Building a Text-to-SQL Intelligent Agent with Claude API — Schema Inference, Query Optimization, and Secure Execution for Production

Learn how to build an intelligent agent that converts natural language to SQL using the Claude API. Covers schema inference, query optimization, security hardening, and production-grade implementation patterns.

Claude API115Text-to-SQLagent13database2natural languageproduction111

Premium Article

Why You Need a Text-to-SQL Agent

"Show me last month's revenue by region." "Which subscription plan has the highest average session time?" — If non-engineers could get instant answers to questions like these, data-driven decision making would accelerate dramatically.
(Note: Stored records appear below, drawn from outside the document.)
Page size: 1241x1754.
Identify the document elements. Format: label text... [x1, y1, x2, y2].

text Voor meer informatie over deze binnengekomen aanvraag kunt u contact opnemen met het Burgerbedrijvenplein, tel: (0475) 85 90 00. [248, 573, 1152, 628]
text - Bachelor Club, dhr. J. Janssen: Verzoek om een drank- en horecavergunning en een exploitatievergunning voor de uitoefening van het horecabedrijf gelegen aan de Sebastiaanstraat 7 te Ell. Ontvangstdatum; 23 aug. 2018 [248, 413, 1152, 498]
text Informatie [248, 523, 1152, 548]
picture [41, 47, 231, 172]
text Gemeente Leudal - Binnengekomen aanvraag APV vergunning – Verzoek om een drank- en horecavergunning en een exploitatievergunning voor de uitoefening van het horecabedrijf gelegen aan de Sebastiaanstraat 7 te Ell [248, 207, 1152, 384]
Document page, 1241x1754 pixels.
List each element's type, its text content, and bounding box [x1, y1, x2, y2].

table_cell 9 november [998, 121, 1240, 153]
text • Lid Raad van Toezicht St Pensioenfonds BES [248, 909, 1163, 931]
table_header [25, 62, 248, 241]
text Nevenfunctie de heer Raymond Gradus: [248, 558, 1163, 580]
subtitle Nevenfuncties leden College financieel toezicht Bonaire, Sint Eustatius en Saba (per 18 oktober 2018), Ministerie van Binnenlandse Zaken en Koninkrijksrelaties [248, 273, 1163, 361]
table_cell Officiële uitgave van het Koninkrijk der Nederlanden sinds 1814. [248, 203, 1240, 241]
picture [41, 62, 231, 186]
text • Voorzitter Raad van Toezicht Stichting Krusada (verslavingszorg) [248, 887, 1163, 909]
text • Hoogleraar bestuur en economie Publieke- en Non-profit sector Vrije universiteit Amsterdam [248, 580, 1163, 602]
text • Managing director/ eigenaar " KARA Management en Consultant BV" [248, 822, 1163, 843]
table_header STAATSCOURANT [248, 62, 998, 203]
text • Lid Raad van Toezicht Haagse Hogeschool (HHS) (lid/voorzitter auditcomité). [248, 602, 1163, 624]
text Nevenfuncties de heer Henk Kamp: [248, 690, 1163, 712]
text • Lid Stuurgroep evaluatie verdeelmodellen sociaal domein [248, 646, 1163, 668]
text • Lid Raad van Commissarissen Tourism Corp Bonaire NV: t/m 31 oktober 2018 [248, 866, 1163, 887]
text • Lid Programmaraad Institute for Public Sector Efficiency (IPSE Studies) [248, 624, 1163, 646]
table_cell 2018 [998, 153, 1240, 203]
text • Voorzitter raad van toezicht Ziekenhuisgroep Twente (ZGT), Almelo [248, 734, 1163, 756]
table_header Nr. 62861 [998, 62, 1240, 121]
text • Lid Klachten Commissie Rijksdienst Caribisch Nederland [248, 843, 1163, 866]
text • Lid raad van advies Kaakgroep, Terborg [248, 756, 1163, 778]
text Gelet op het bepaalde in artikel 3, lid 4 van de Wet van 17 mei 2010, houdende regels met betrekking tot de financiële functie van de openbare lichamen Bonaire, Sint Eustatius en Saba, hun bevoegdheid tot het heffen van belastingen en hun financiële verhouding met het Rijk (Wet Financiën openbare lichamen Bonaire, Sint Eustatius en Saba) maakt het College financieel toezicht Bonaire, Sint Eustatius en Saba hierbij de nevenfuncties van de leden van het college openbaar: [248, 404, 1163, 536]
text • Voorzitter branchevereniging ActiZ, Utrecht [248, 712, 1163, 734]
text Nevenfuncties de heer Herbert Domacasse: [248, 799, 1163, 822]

A Text-to-SQL agent converts natural language questions into SQL queries, safely executes them against a database, and returns the results in plain language. By combining the Claude API's powerful language understanding with its Tool Use capability, you can build an intelligent data analysis agent that goes far beyond simple SQL generation.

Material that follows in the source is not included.